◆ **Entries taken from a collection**
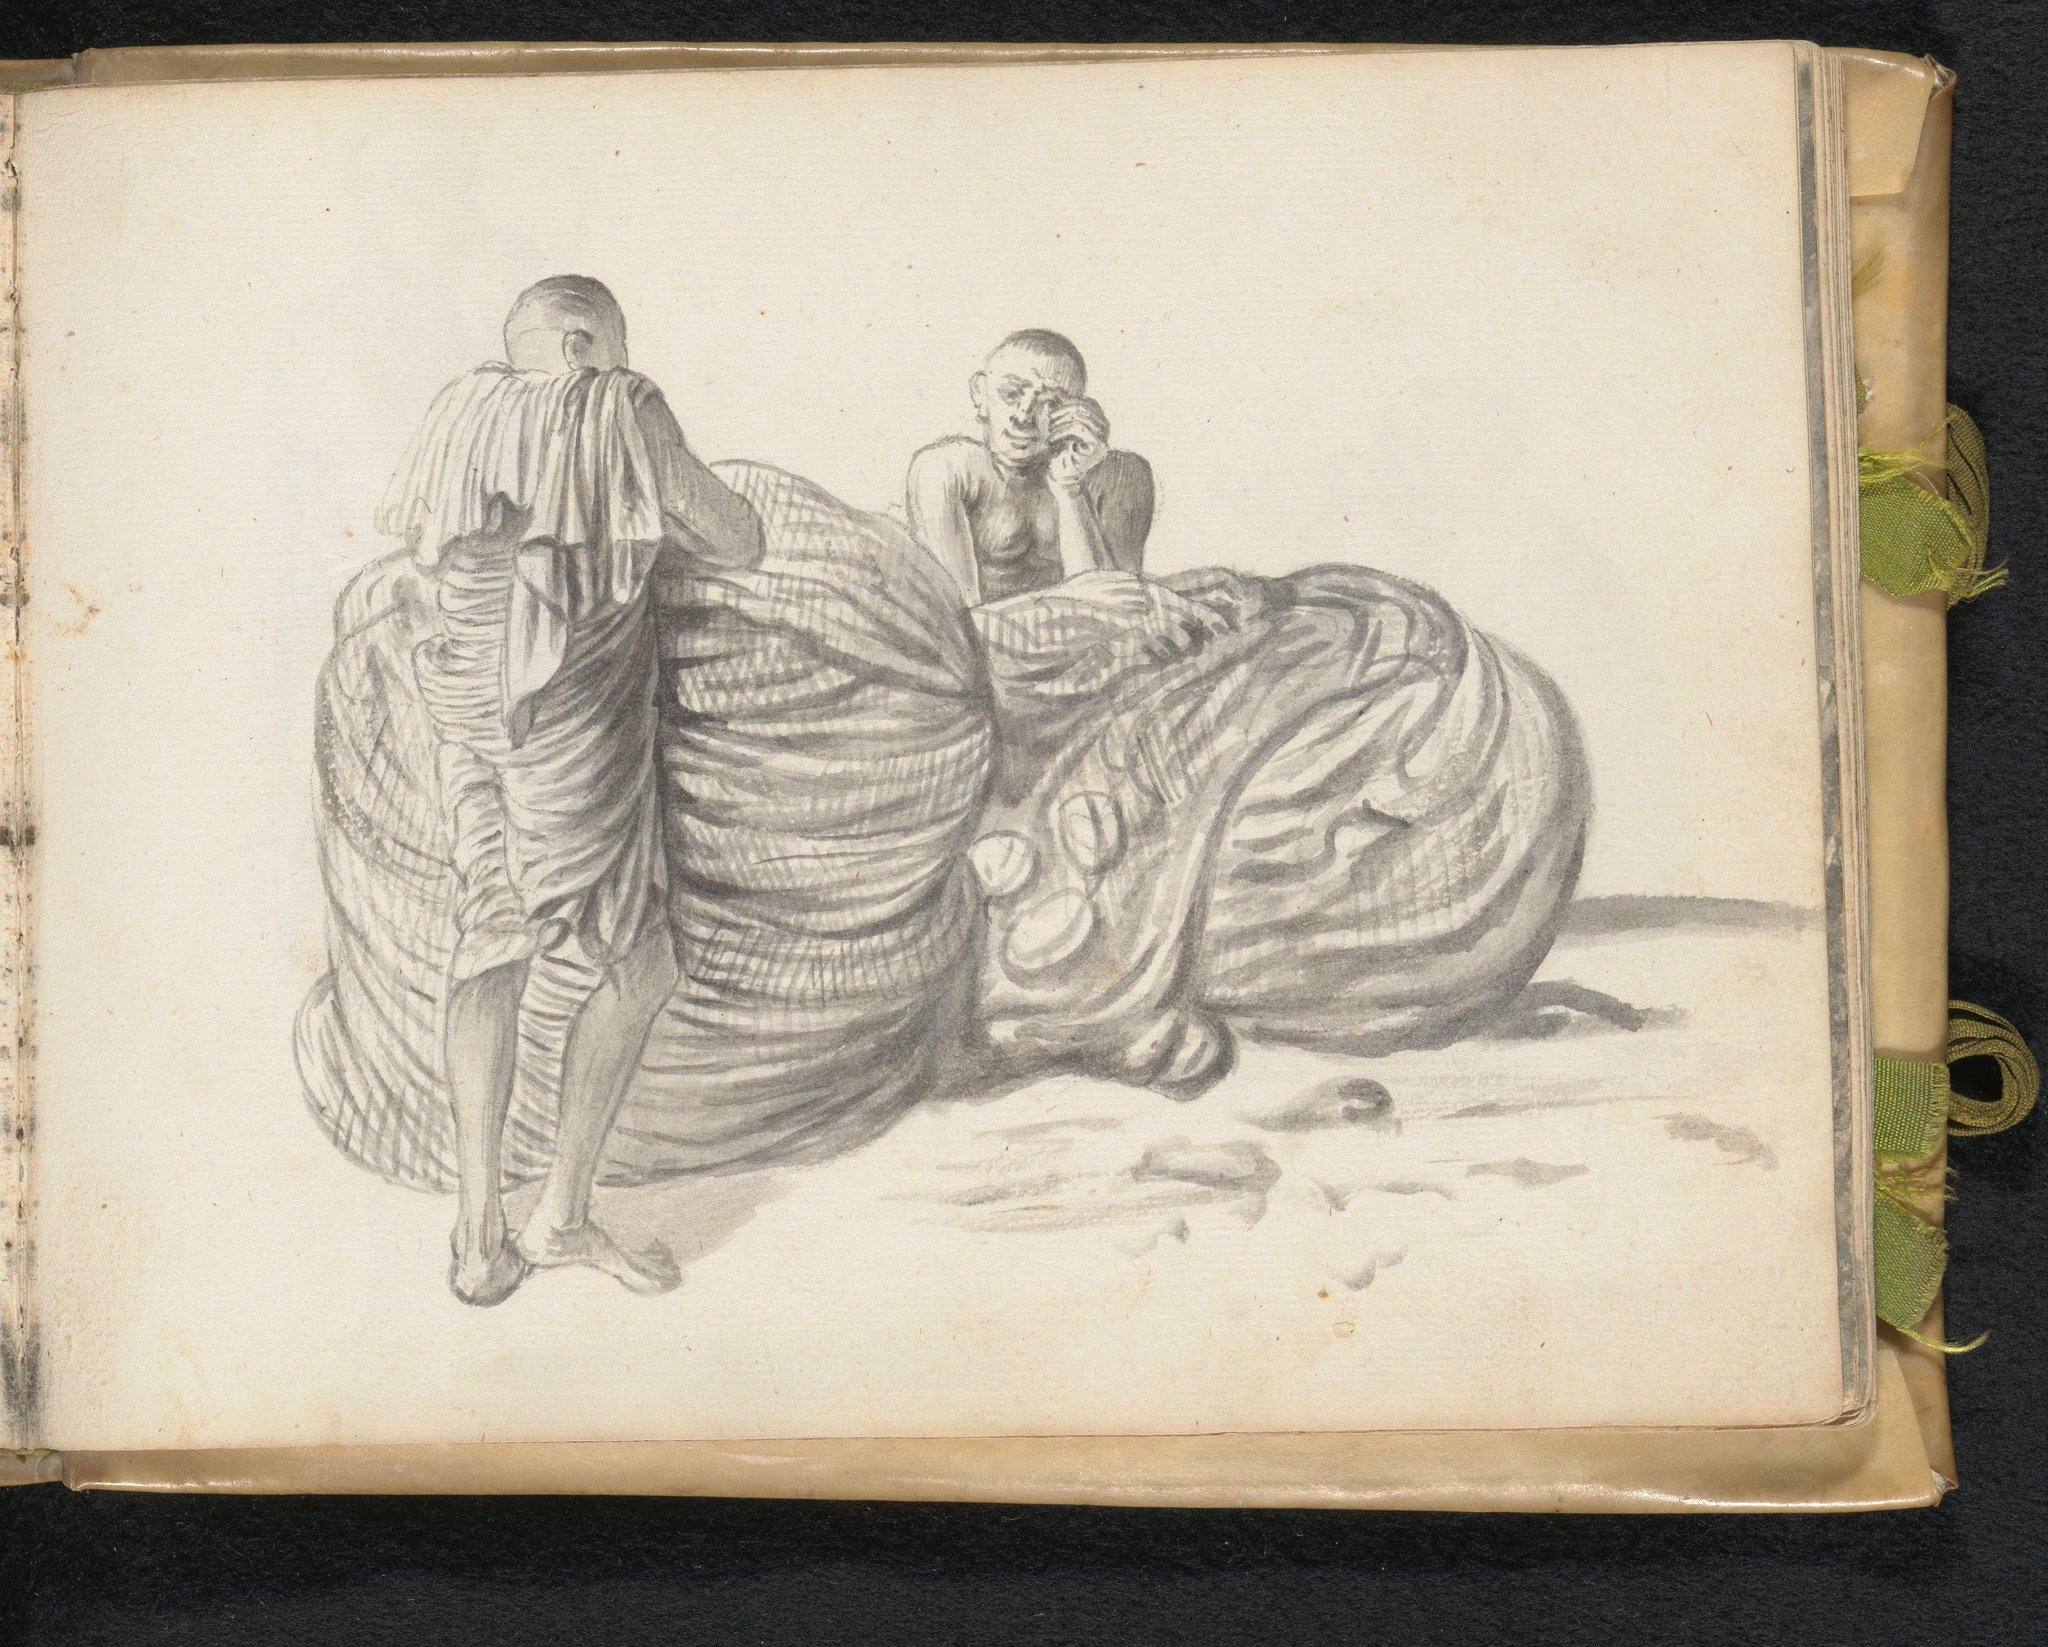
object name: sketchbook leaf
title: Two fishermen and their rolled up fishing nets
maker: esaias boursse
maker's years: 1631-1672
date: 1662
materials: ink, paper
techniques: brush
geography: sri lanka
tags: asiatic races and peoples (srilankans), asiatic races and peoples (with name), skirt (dhoti), 41d232(...) skirt (lungi), head-gear (with name), sea and coastal fishery, sri lanka
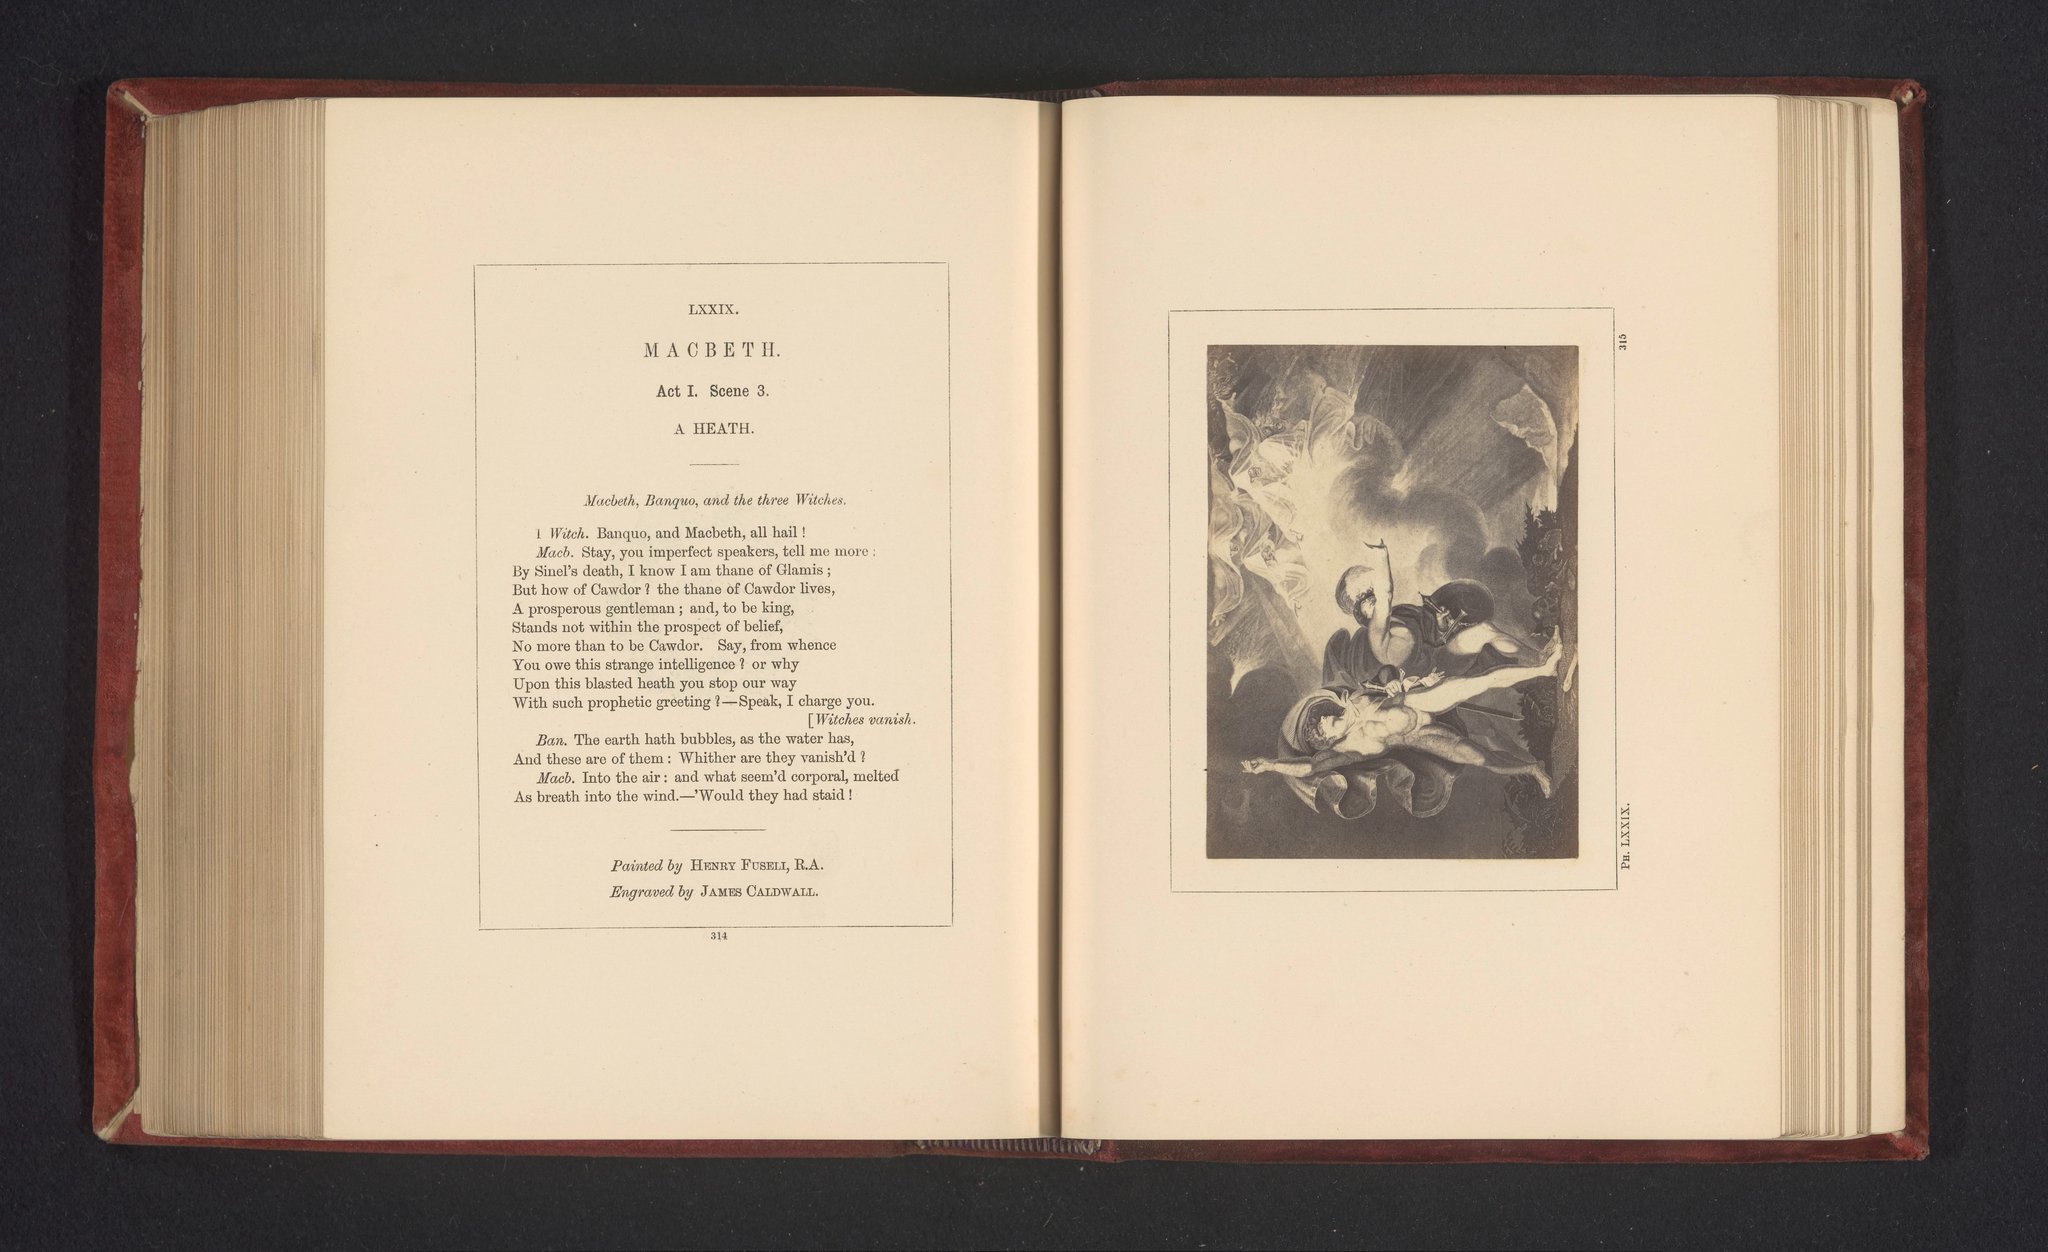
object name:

◆ **TASK TO COMPLETE**
Copy out each record shown above without alteration, skipping any picture.

◆ **ANSWER**
object name: sketchbook leaf
title: Two fishermen and their rolled up fishing nets
maker: esaias boursse
maker's years: 1631-1672
date: 1662
materials: ink, paper
techniques: brush
geography: sri lanka
tags: asiatic races and peoples (srilankans), asiatic races and peoples (with name), skirt (dhoti), 41d232(...) skirt (lungi), head-gear (with name), sea and coastal fishery, sri lanka
object name:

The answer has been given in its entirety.